1. Hardware check — detects GPU/RAM and selects CPU fp32 or CUDA bf16 automatically
2. Load dots.ocr from Hugging Face (~3.5 GB bf16, ~7 GB fp32)
3. Transcribe a writer_00 sample (single 320×140 image)
4. Transcribe the full `testamento_writer00.png` document
5. Transcribe Lorella real-world handwriting samples
6. Side-by-side EasyOCR vs dots.ocr comparison + CER measurement

**Forensic use cases:**

- High-quality OCR on Italian cursive handwriting
- Documents with tables, formulas, or complex layouts
- When EasyOCR results are insufficient for forensic accuracy requirements

**Prerequisites:** `transformers>=4.49`, `qwen_vl_utils`, `torch`, `Pillow`, `psutil`, `accelerate`

**Hardware note:** On CPU (~7 GB free RAM), inference takes 2–5 min per image. On GPU ≥8 GB VRAM,
5–10 seconds per image. Not suitable for interactive real-time demos — use EasyOCR in the Gradio app.
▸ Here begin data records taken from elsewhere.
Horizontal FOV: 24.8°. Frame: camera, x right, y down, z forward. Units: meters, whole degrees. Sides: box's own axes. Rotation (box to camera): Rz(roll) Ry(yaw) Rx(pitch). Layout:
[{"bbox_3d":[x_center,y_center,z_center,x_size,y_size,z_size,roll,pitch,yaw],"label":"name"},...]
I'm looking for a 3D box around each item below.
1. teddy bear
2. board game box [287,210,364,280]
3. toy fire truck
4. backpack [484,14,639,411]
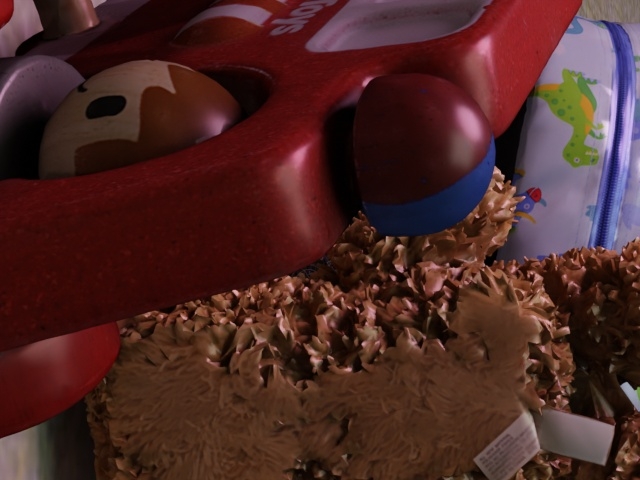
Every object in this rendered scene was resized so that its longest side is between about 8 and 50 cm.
[{"bbox_3d":[0.059,0.078,0.701,0.113,0.338,0.245,152,-80,-84],"label":"teddy bear"},{"bbox_3d":[0.000,0.000,0.795,0.026,0.126,0.186,0,85,-59],"label":"board game box"},{"bbox_3d":[-0.049,-0.050,0.527,0.302,0.254,0.169,-52,132,-59],"label":"toy fire truck"},{"bbox_3d":[0.146,0.040,0.882,0.290,0.273,0.355,87,1,-88],"label":"backpack"}]
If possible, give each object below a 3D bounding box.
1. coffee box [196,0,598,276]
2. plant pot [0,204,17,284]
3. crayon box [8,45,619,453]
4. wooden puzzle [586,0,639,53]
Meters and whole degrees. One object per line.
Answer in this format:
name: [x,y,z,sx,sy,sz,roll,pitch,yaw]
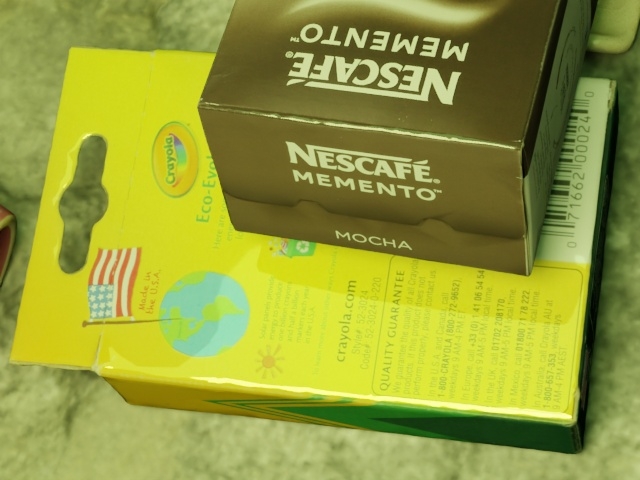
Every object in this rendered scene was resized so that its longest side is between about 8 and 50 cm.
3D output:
coffee box: [0.061,-0.143,1.045,0.168,0.119,0.297,9,59,13]
plant pot: [-0.281,0.008,1.107,0.180,0.201,0.201,24,77,0]
crayon box: [0.000,0.000,1.106,0.319,0.081,0.202,6,73,12]
wooden puzzle: [0.102,-0.238,1.187,0.221,0.044,0.238,10,74,14]
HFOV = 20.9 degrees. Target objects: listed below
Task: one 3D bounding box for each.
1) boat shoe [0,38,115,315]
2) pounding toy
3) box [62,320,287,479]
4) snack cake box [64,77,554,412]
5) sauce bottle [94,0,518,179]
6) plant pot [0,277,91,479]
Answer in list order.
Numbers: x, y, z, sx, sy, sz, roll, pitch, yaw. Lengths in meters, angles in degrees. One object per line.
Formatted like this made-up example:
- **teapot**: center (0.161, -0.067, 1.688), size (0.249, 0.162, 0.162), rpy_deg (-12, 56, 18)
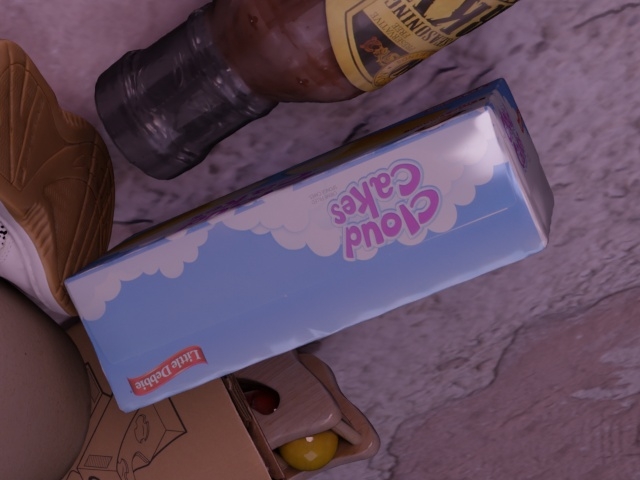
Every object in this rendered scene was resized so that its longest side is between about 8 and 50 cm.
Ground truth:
- **boat shoe**: center (-0.187, -0.038, 0.972), size (0.096, 0.098, 0.277), rpy_deg (9, 158, 12)
- **pounding toy**: center (-0.108, 0.160, 1.232), size (0.269, 0.154, 0.155), rpy_deg (-26, 146, 16)
- **box**: center (-0.138, 0.135, 1.184), size (0.201, 0.164, 0.021), rpy_deg (-31, 171, 25)
- **snack cake box**: center (0.000, 0.000, 1.024), size (0.264, 0.089, 0.152), rpy_deg (-22, -175, 12)
- **sauce bottle**: center (0.034, -0.142, 0.871), size (0.344, 0.111, 0.111), rpy_deg (-31, 144, 27)
- **plant pot**: center (-0.265, 0.095, 1.020), size (0.256, 0.256, 0.274), rpy_deg (-29, 161, 21)
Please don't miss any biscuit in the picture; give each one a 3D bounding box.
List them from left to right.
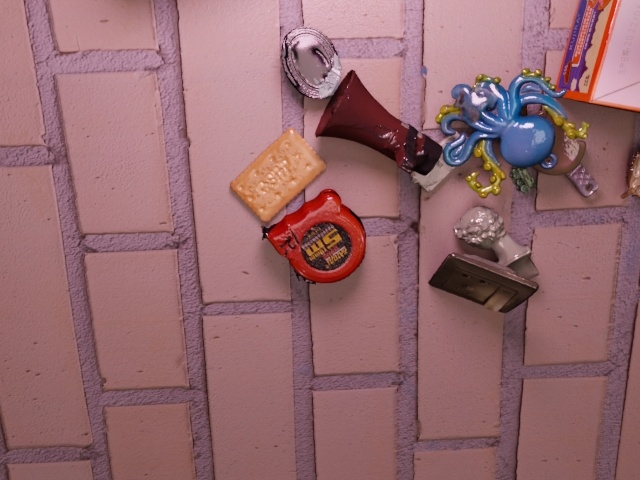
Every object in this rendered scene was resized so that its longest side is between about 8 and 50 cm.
[{"bbox_3d":[-0.119,-0.182,1.770,0.249,0.030,0.160,-41,103,10],"label":"biscuit"}]

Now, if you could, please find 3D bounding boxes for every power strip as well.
[{"bbox_3d":[0.340,-0.222,1.767,0.081,0.035,0.192,42,102,-12],"label":"power strip"},{"bbox_3d":[0.456,0.107,1.771,0.251,0.257,0.092,26,67,5],"label":"power strip"}]

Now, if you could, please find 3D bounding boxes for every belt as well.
[{"bbox_3d":[-0.021,-0.468,1.666,0.151,0.078,0.199,-27,102,2],"label":"belt"}]

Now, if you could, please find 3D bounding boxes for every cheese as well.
[{"bbox_3d":[0.678,-0.235,1.751,0.286,0.082,0.163,42,102,-14],"label":"cheese"}]

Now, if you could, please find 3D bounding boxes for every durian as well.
[{"bbox_3d":[0.919,-0.186,1.764,0.148,0.091,0.188,44,104,0],"label":"durian"}]

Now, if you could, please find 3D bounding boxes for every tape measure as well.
[{"bbox_3d":[0.001,0.000,1.784,0.253,0.114,0.260,-35,107,8],"label":"tape measure"}]

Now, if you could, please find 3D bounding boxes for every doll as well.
[{"bbox_3d":[0.486,-0.299,1.669,0.341,0.099,0.346,44,116,7],"label":"doll"}]

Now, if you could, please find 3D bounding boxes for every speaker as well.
[{"bbox_3d":[0.172,-0.287,1.621,0.329,0.259,0.198,27,87,-6],"label":"speaker"}]

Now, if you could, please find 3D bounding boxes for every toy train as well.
[{"bbox_3d":[0.576,-0.176,1.787,0.053,0.033,0.083,-32,104,2],"label":"toy train"}]

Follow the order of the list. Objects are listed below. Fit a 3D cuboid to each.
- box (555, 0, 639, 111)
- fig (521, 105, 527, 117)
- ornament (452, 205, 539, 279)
[{"bbox_3d":[0.820,-0.502,1.584,0.318,0.257,0.349,8,107,-2],"label":"box"},{"bbox_3d":[0.520,-0.351,1.717,0.087,0.074,0.074,3,107,13],"label":"fig"},{"bbox_3d":[0.515,0.012,1.792,0.285,0.120,0.130,38,110,-10],"label":"ornament"}]

**Installation (one-time — see notebook cell):**

```bash
git clone https://github.com/rednote-hilab/dots.ocr.git DotsOCR
pip install -e DotsOCR
pip install qwen_vl_utils accelerate
```

**Reference:** [arxiv 2512.02498](https://arxiv.org/abs/2512.02498) — RedNote / Xiaohongshu, Dec 2024.

---

## Interactive Demo (Gradio)

**File:** `app/grapholab_demo.py`

A browser-based multi-tab Gradio application (fully in Italian) aggregating nine AI capabilities:

| Tab | Functionality |
|-----|--------------|
| OCR Manoscritto | Upload an image (single or multi-line) → transcribed text (EasyOCR) |
| Verifica Firma | Upload two signatures → genuine / forged verdict |
| Rilevamento Firma | Upload a document → annotated image with detected signatures |
| Riconoscimento Entità | Enter text → colour-coded named entities + summary table |
| Identificazione Scrittore | Upload a handwriting sample → ranked candidate authors with probability scores |
| Analisi Grafologica | Upload handwritten text → visual metrics dashboard |
| Perizia Forense Automatica | Upload a document (+optional reference signature) → full forensic report (7 steps: detection, HTR, NER, writer ID, graphology, signature verification, LLM synthesis via Ollama) |
| Datazione Documenti | Upload multiple document images → chronological ordering by extracted date (EasyOCR + dateparser) |
| Consulente Forense IA | RAG chatbot: upload PDF/DOCX to enrich the knowledge base, then ask questions answered by a local Ollama LLM |

**Running locally:**

```bash
# Create and activate a virtual environment (recommended)
python -m venv .venv

# Windows
.venv\Scripts\activate
# macOS / Linux
source .venv/bin/activate

pip install -r requirements.txt
python app/grapholab_demo.py
# Open http://localhost:7860
```

---

## Running with Docker

```bash
# JupyterLab at http://localhost:8888  (token: grapholab)
docker compose up jupyter

# Gradio demo at http://localhost:7860
docker compose up gradio

# Both services together
docker compose up
```

The Hugging Face model cache is stored in a named Docker volume (`grapholab-hf-cache`) and shared between both services. Models are downloaded only once.

---

## Sample Data

Demo images are provided in `data/samples/`:

| File | Used in |
|------|---------|
| `handwritten_text_01.png` | Labs 02, 06, 07 (single-line HTR demo) |
| `handwritten_multiline_01.png` | Labs 02, 07 (multi-line HTR + NER pipeline) |
| `genuine_N_M.png` | Lab 03 (CEDAR reference signatures, N=writer, M=sample) |
| `forged_N_M.png` | Lab 03 (CEDAR forgeries, pre-selected for model detectability) |
| `document_with_signature_*.png` | Lab 04 |

Signature samples (`genuine_*`, `forged_*`) are sourced from the **CEDAR** signature database and pre-selected so that SigNet correctly classifies the forgery. You can replace or supplement these with your own images to experiment with real-world cases.